**About this task**
Every line of the listing below from the one with "map unit: Ave" up to and including the one with "longitude: 77.5588" should be retyped exactly, and nothing else; pictures are not part of the copy.

**Data provided**
= Beginning of Section =
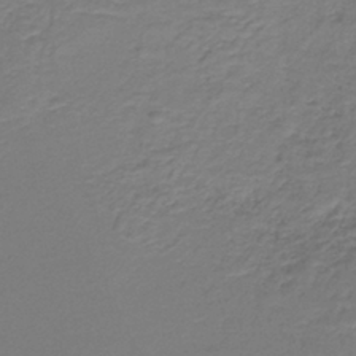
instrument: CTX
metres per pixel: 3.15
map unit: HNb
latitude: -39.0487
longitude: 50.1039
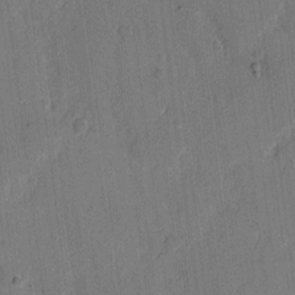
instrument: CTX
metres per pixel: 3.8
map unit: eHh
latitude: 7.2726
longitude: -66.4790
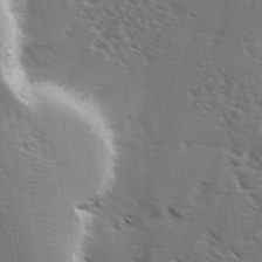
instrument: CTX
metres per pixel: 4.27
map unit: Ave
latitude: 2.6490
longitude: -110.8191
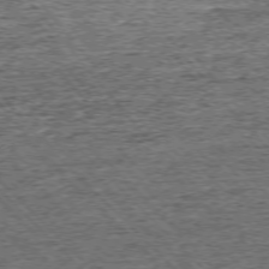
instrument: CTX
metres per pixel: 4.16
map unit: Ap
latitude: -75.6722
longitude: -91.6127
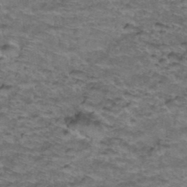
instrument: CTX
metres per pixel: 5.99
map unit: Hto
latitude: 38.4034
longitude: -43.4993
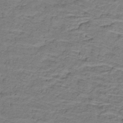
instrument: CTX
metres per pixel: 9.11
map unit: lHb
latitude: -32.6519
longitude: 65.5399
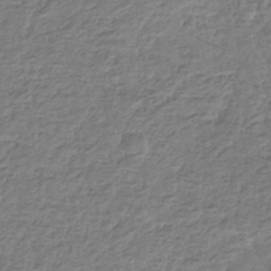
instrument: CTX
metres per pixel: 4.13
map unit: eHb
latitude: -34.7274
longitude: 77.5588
= End of Section =
= Beginning of Section =
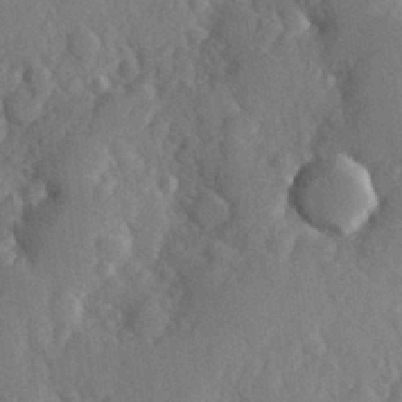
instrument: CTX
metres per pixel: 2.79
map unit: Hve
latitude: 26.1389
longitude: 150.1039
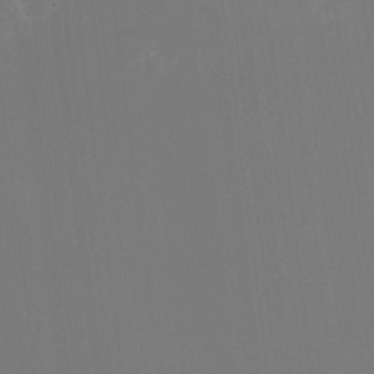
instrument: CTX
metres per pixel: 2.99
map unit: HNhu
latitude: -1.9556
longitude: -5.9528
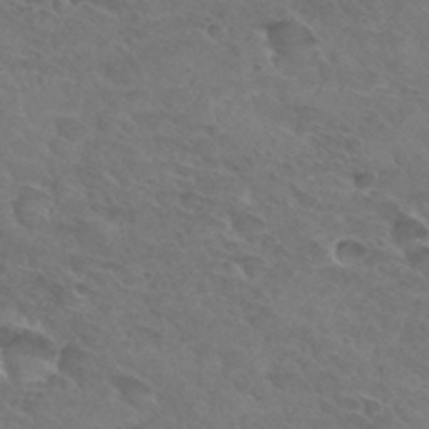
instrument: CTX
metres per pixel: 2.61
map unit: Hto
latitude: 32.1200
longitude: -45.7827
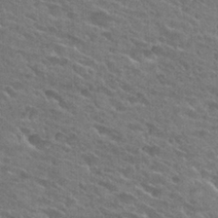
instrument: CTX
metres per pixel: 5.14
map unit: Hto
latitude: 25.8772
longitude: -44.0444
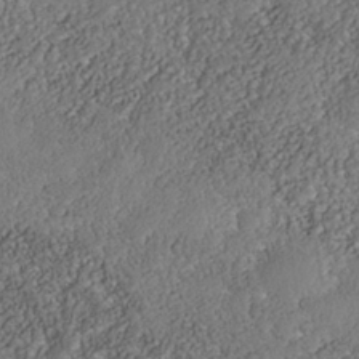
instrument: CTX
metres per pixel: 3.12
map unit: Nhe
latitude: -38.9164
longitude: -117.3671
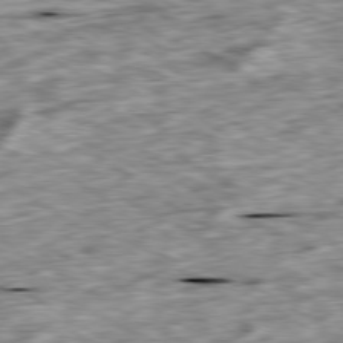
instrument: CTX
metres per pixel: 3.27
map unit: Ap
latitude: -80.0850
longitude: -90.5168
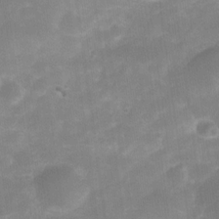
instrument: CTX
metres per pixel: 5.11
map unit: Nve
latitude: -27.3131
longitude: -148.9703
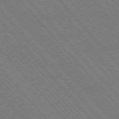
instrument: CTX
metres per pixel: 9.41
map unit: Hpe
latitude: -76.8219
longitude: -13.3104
= End of Section =
**Response to the exercise**
map unit: Ave
latitude: 2.6490
longitude: -110.8191
instrument: CTX
metres per pixel: 4.16
map unit: Ap
latitude: -75.6722
longitude: -91.6127
instrument: CTX
metres per pixel: 5.99
map unit: Hto
latitude: 38.4034
longitude: -43.4993
instrument: CTX
metres per pixel: 9.11
map unit: lHb
latitude: -32.6519
longitude: 65.5399
instrument: CTX
metres per pixel: 4.13
map unit: eHb
latitude: -34.7274
longitude: 77.5588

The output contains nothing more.